The dataset for this project was sourced from the U.S. Energy Information Administration (EIA), specifically the coal shipments and plant aggregates API. This API provides detailed insights into various coal quality metrics, including ash content, heat content, price, quantity, and sulfur content, organized by plant location and time period. The dataset was chosen due to its comprehensive coverage of the coal industry, which is crucial for understanding energy production, pricing trends, and environmental impacts. The data allows for an in-depth analysis of coal shipments to power plants across different states and years, giving a clearer view of the factors that influence energy consumption and emissions.

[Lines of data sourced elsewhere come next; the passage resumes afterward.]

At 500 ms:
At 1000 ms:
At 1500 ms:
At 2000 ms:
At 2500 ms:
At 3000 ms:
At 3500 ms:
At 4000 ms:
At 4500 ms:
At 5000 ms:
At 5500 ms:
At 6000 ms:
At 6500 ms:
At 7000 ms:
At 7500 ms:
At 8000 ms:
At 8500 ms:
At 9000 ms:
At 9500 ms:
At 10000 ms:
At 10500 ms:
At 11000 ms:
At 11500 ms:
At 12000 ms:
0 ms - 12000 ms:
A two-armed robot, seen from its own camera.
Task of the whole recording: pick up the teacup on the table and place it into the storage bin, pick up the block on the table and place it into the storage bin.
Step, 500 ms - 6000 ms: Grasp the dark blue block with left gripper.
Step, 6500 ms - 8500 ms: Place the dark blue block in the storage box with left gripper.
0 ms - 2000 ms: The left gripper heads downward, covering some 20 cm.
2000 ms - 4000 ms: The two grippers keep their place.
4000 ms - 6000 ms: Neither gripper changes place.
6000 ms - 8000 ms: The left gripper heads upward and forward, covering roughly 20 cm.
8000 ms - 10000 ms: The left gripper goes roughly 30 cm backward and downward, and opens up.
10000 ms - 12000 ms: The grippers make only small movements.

The EIA API offers a flexible querying system. A sample API call can retrieve annual data on coal shipments and various content metrics such as ash, heat, sulfur, and price per ton:
API URL: https://api.eia.gov/v2/coal/shipments/plant-aggregates/data/?frequency=annual&data[0]=ash-content&data[1]=heat-content&data[2]=price&data[3]=quantity&data[4]=sulfur-content&sort[0][column]=period&sort[0][direction]=desc&api_key=MB7EGjS54VIQfq1cPzgeyutY4fsUiBlnYewlcVIV
The data includes the following important fields needed for analysis:
Ash content: The percentage of ash present in the coal shipments.

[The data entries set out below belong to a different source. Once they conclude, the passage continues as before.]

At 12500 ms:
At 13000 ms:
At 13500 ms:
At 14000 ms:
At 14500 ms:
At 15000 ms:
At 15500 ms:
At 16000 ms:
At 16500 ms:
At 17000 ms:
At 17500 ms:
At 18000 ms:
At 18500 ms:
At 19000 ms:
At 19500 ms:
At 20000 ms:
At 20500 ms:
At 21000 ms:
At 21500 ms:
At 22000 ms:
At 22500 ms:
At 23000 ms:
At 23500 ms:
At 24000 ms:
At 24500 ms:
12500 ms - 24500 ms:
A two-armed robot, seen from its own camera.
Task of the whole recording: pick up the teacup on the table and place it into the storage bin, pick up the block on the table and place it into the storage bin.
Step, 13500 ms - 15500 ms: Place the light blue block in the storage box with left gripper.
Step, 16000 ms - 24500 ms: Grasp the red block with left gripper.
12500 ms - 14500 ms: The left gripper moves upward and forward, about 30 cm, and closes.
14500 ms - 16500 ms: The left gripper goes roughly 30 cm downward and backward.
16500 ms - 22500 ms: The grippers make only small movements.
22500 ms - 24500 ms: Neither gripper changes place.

Heat content: The energy generated by burning a specific amount of coal, measured in Btu per pound.
Price: The cost of the coal shipments in dollars per ton.
Quantity: The total volume of coal shipped, measured in tons.

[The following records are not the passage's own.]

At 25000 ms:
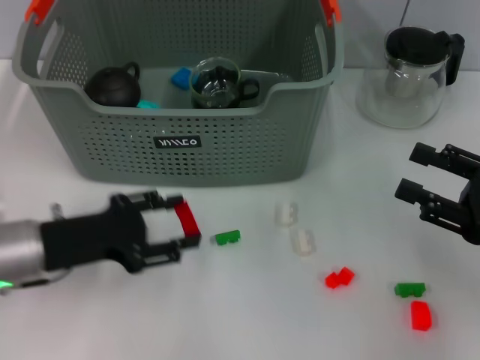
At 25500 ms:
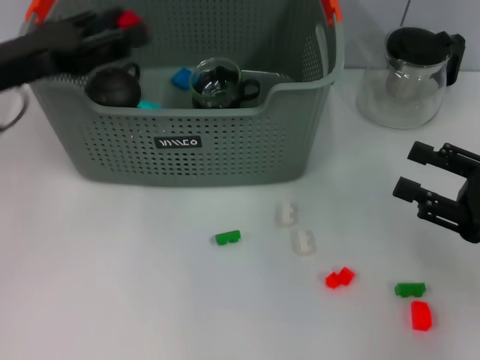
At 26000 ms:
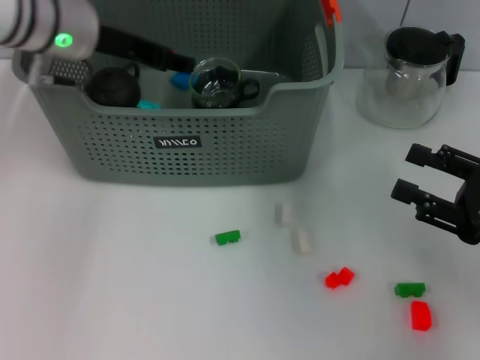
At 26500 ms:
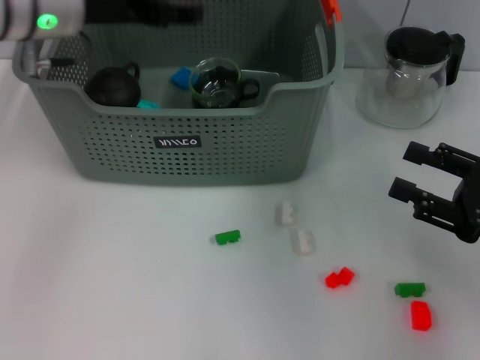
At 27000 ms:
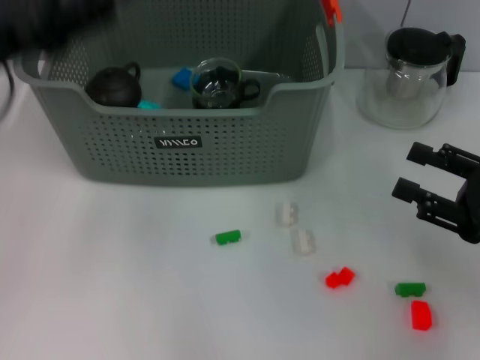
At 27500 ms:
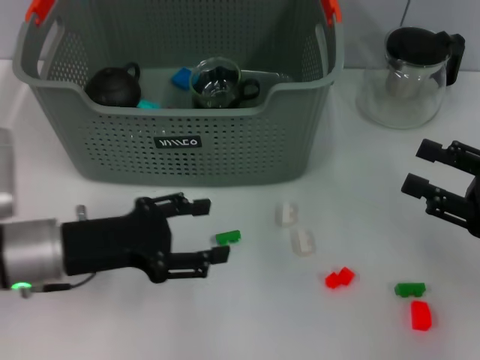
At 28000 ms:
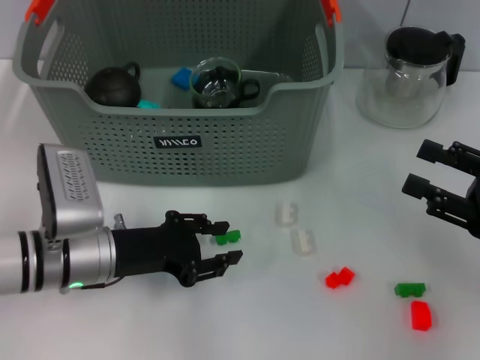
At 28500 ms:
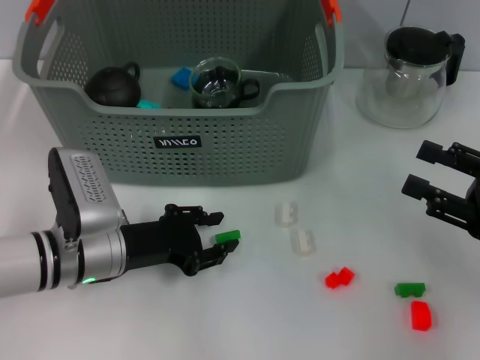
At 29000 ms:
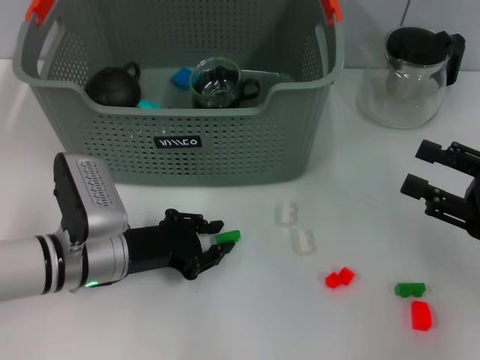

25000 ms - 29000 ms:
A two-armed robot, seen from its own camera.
Task of the whole recording: pick up the teacup on the table and place it into the storage bin, pick up the block on the table and place it into the storage bin.
Step, 25000 ms - 26500 ms: Place the red block in the storage box with left gripper.
25000 ms - 27000 ms: The left gripper heads upward, covering roughly 15 cm, and moves about 15 cm forward and comes back.
27000 ms - 29000 ms: The left gripper travels downward and to the right by some 20 cm, and closes up.

Sulfur content: The sulfur concentration in the coal, which has a direct impact on emissions when coal is burned.
This dataset spans several years, offering a historical perspective on coal shipments and their associated environmental and economic impacts. It is a valuable resource for understanding shifts in the coal industry, trends in energy pricing, and the environmental implications of different coal types used in power generation.
UNCLEANED DATA
CLEANED DATA
Dropping Irrelevant Columns:
Certain columns, like location, which duplicated information provided in plantStateDescription, were deemed redundant and were dropped from the dataset. This reduced unnecessary complexity and helped focus the analysis on the most relevant variables. For instance, plantStateDescription already provided the necessary geographic context, making the location column superfluous.
Handling Missing Values:
Upon inspection, several columns, particularly the price column, contained missing values. Since price is a critical factor for analysis, these missing values were handled using an appropriate imputation technique or, if the data was insufficient, by removing those specific rows. This approach ensured that incomplete data did not skew the analysis results.
Converting Data Types
Some of the columns, such as price, ash-content, heat-content, and sulfur-content, were found to be stored as strings or objects instead of numerical data types (float or int). These columns were converted to the appropriate numeric data types to allow for statistical analysis and visualizations. This step is crucial for any calculations, as leaving numeric data in an incorrect format would lead to errors during analysis.
Dealing with Duplicate Entries:
Some records occurred more than once in the data, especially in the plantName and period columns where duplicate rows were present. In order to prevent certain plants or historical periods from being overrepresented in the analysis, these duplicates were found and eliminated. By taking this step, it was made sure that every data point made an equal contribution to the insights the dataset produced.